[[ Entries shown open ]]
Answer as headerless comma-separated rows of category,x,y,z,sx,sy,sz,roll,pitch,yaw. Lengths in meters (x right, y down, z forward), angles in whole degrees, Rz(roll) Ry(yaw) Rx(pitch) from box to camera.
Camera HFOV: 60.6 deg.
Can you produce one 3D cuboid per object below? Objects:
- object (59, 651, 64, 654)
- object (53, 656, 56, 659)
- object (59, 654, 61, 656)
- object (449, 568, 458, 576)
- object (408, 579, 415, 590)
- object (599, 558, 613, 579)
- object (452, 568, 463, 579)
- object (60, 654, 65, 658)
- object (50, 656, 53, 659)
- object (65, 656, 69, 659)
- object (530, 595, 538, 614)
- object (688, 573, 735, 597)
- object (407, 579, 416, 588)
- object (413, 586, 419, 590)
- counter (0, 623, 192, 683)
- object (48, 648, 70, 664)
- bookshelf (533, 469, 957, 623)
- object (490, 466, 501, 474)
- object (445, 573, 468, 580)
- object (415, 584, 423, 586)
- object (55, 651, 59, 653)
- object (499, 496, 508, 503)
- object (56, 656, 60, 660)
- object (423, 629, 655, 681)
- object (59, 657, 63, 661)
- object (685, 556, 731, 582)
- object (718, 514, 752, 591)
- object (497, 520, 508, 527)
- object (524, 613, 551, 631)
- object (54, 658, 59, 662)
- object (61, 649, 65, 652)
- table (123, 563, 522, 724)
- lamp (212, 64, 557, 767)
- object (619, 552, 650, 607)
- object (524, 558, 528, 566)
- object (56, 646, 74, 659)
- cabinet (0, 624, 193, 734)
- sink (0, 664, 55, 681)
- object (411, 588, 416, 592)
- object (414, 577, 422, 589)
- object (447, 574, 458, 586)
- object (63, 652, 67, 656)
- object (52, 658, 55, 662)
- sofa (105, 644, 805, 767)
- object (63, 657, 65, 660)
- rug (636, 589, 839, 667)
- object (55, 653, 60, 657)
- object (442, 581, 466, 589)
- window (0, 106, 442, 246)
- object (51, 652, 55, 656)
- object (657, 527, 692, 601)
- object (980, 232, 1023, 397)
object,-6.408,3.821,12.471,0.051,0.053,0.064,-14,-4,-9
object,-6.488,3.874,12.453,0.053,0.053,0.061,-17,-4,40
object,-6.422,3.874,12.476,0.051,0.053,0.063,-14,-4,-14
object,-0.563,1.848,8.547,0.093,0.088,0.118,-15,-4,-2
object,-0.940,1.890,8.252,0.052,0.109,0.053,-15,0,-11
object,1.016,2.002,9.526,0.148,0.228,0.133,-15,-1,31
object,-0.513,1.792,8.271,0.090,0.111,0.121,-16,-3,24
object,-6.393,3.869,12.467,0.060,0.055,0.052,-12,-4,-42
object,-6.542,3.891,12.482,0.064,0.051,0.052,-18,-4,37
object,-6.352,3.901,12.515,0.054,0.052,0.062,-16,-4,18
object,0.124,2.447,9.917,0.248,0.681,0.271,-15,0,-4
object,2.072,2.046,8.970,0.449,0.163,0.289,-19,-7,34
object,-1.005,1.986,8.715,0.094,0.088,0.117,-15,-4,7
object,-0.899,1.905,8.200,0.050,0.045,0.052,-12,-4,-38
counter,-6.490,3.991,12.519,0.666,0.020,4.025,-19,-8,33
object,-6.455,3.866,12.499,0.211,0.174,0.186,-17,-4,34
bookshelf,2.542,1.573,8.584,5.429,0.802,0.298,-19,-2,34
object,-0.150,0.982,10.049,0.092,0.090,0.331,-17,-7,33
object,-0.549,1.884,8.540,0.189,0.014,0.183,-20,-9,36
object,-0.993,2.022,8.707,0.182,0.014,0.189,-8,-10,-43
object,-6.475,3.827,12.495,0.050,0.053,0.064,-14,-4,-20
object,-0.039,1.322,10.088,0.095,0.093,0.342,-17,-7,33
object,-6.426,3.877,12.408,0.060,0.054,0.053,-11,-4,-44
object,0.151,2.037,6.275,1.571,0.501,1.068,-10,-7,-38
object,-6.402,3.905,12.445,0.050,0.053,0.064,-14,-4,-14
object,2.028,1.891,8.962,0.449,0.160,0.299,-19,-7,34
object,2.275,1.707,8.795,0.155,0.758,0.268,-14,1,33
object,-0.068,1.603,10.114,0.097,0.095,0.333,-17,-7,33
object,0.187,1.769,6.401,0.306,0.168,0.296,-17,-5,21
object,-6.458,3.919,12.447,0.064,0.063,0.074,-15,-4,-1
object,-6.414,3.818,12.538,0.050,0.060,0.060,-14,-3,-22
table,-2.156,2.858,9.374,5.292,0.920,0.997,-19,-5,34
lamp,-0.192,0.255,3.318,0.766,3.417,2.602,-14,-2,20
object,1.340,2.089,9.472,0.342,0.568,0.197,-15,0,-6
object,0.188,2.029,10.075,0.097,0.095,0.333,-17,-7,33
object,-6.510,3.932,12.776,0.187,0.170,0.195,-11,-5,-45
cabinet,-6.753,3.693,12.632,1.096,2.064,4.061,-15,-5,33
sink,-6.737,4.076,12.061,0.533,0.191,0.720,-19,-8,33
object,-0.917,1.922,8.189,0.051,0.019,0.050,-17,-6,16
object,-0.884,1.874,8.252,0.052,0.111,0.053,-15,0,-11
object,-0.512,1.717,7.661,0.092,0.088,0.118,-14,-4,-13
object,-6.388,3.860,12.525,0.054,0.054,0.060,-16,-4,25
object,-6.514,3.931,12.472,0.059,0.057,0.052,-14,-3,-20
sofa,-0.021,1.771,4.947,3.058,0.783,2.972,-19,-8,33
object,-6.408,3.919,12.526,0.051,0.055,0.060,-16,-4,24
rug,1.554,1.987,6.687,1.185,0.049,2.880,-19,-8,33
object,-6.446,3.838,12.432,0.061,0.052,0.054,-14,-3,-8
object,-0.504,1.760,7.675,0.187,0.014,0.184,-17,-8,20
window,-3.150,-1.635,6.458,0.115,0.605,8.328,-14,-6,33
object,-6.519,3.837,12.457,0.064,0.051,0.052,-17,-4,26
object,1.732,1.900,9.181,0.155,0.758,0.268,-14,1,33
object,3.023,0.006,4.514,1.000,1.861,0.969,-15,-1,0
[[ Entries shown closed ]]
- **How to complete this task**: Each record is to be repeated word for word, with none skipped.

- **Your response**:
Answer as headerless comma-separated rows of category,x,y,z,sx,sy,sz,roll,pitch,yaw. Lengths in meters (x right, y down, z forward), angles in whole degrees, Rz(roll) Ry(yaw) Rx(pitch) from box to camera.
Camera HFOV: 60.6 deg.
Can you produce one 3D cuboid per object below? Objects:
- object (59, 651, 64, 654)
- object (53, 656, 56, 659)
- object (59, 654, 61, 656)
- object (449, 568, 458, 576)
- object (408, 579, 415, 590)
- object (599, 558, 613, 579)
- object (452, 568, 463, 579)
- object (60, 654, 65, 658)
- object (50, 656, 53, 659)
- object (65, 656, 69, 659)
- object (530, 595, 538, 614)
- object (688, 573, 735, 597)
- object (407, 579, 416, 588)
- object (413, 586, 419, 590)
- counter (0, 623, 192, 683)
- object (48, 648, 70, 664)
- bookshelf (533, 469, 957, 623)
- object (490, 466, 501, 474)
- object (445, 573, 468, 580)
- object (415, 584, 423, 586)
- object (55, 651, 59, 653)
- object (499, 496, 508, 503)
- object (56, 656, 60, 660)
- object (423, 629, 655, 681)
- object (59, 657, 63, 661)
- object (685, 556, 731, 582)
- object (718, 514, 752, 591)
- object (497, 520, 508, 527)
- object (524, 613, 551, 631)
- object (54, 658, 59, 662)
- object (61, 649, 65, 652)
- table (123, 563, 522, 724)
- lamp (212, 64, 557, 767)
- object (619, 552, 650, 607)
- object (524, 558, 528, 566)
- object (56, 646, 74, 659)
- cabinet (0, 624, 193, 734)
- sink (0, 664, 55, 681)
- object (411, 588, 416, 592)
- object (414, 577, 422, 589)
- object (447, 574, 458, 586)
- object (63, 652, 67, 656)
- object (52, 658, 55, 662)
- sofa (105, 644, 805, 767)
- object (63, 657, 65, 660)
- rug (636, 589, 839, 667)
- object (55, 653, 60, 657)
- object (442, 581, 466, 589)
- window (0, 106, 442, 246)
- object (51, 652, 55, 656)
- object (657, 527, 692, 601)
- object (980, 232, 1023, 397)
object,-6.408,3.821,12.471,0.051,0.053,0.064,-14,-4,-9
object,-6.488,3.874,12.453,0.053,0.053,0.061,-17,-4,40
object,-6.422,3.874,12.476,0.051,0.053,0.063,-14,-4,-14
object,-0.563,1.848,8.547,0.093,0.088,0.118,-15,-4,-2
object,-0.940,1.890,8.252,0.052,0.109,0.053,-15,0,-11
object,1.016,2.002,9.526,0.148,0.228,0.133,-15,-1,31
object,-0.513,1.792,8.271,0.090,0.111,0.121,-16,-3,24
object,-6.393,3.869,12.467,0.060,0.055,0.052,-12,-4,-42
object,-6.542,3.891,12.482,0.064,0.051,0.052,-18,-4,37
object,-6.352,3.901,12.515,0.054,0.052,0.062,-16,-4,18
object,0.124,2.447,9.917,0.248,0.681,0.271,-15,0,-4
object,2.072,2.046,8.970,0.449,0.163,0.289,-19,-7,34
object,-1.005,1.986,8.715,0.094,0.088,0.117,-15,-4,7
object,-0.899,1.905,8.200,0.050,0.045,0.052,-12,-4,-38
counter,-6.490,3.991,12.519,0.666,0.020,4.025,-19,-8,33
object,-6.455,3.866,12.499,0.211,0.174,0.186,-17,-4,34
bookshelf,2.542,1.573,8.584,5.429,0.802,0.298,-19,-2,34
object,-0.150,0.982,10.049,0.092,0.090,0.331,-17,-7,33
object,-0.549,1.884,8.540,0.189,0.014,0.183,-20,-9,36
object,-0.993,2.022,8.707,0.182,0.014,0.189,-8,-10,-43
object,-6.475,3.827,12.495,0.050,0.053,0.064,-14,-4,-20
object,-0.039,1.322,10.088,0.095,0.093,0.342,-17,-7,33
object,-6.426,3.877,12.408,0.060,0.054,0.053,-11,-4,-44
object,0.151,2.037,6.275,1.571,0.501,1.068,-10,-7,-38
object,-6.402,3.905,12.445,0.050,0.053,0.064,-14,-4,-14
object,2.028,1.891,8.962,0.449,0.160,0.299,-19,-7,34
object,2.275,1.707,8.795,0.155,0.758,0.268,-14,1,33
object,-0.068,1.603,10.114,0.097,0.095,0.333,-17,-7,33
object,0.187,1.769,6.401,0.306,0.168,0.296,-17,-5,21
object,-6.458,3.919,12.447,0.064,0.063,0.074,-15,-4,-1
object,-6.414,3.818,12.538,0.050,0.060,0.060,-14,-3,-22
table,-2.156,2.858,9.374,5.292,0.920,0.997,-19,-5,34
lamp,-0.192,0.255,3.318,0.766,3.417,2.602,-14,-2,20
object,1.340,2.089,9.472,0.342,0.568,0.197,-15,0,-6
object,0.188,2.029,10.075,0.097,0.095,0.333,-17,-7,33
object,-6.510,3.932,12.776,0.187,0.170,0.195,-11,-5,-45
cabinet,-6.753,3.693,12.632,1.096,2.064,4.061,-15,-5,33
sink,-6.737,4.076,12.061,0.533,0.191,0.720,-19,-8,33
object,-0.917,1.922,8.189,0.051,0.019,0.050,-17,-6,16
object,-0.884,1.874,8.252,0.052,0.111,0.053,-15,0,-11
object,-0.512,1.717,7.661,0.092,0.088,0.118,-14,-4,-13
object,-6.388,3.860,12.525,0.054,0.054,0.060,-16,-4,25
object,-6.514,3.931,12.472,0.059,0.057,0.052,-14,-3,-20
sofa,-0.021,1.771,4.947,3.058,0.783,2.972,-19,-8,33
object,-6.408,3.919,12.526,0.051,0.055,0.060,-16,-4,24
rug,1.554,1.987,6.687,1.185,0.049,2.880,-19,-8,33
object,-6.446,3.838,12.432,0.061,0.052,0.054,-14,-3,-8
object,-0.504,1.760,7.675,0.187,0.014,0.184,-17,-8,20
window,-3.150,-1.635,6.458,0.115,0.605,8.328,-14,-6,33
object,-6.519,3.837,12.457,0.064,0.051,0.052,-17,-4,26
object,1.732,1.900,9.181,0.155,0.758,0.268,-14,1,33
object,3.023,0.006,4.514,1.000,1.861,0.969,-15,-1,0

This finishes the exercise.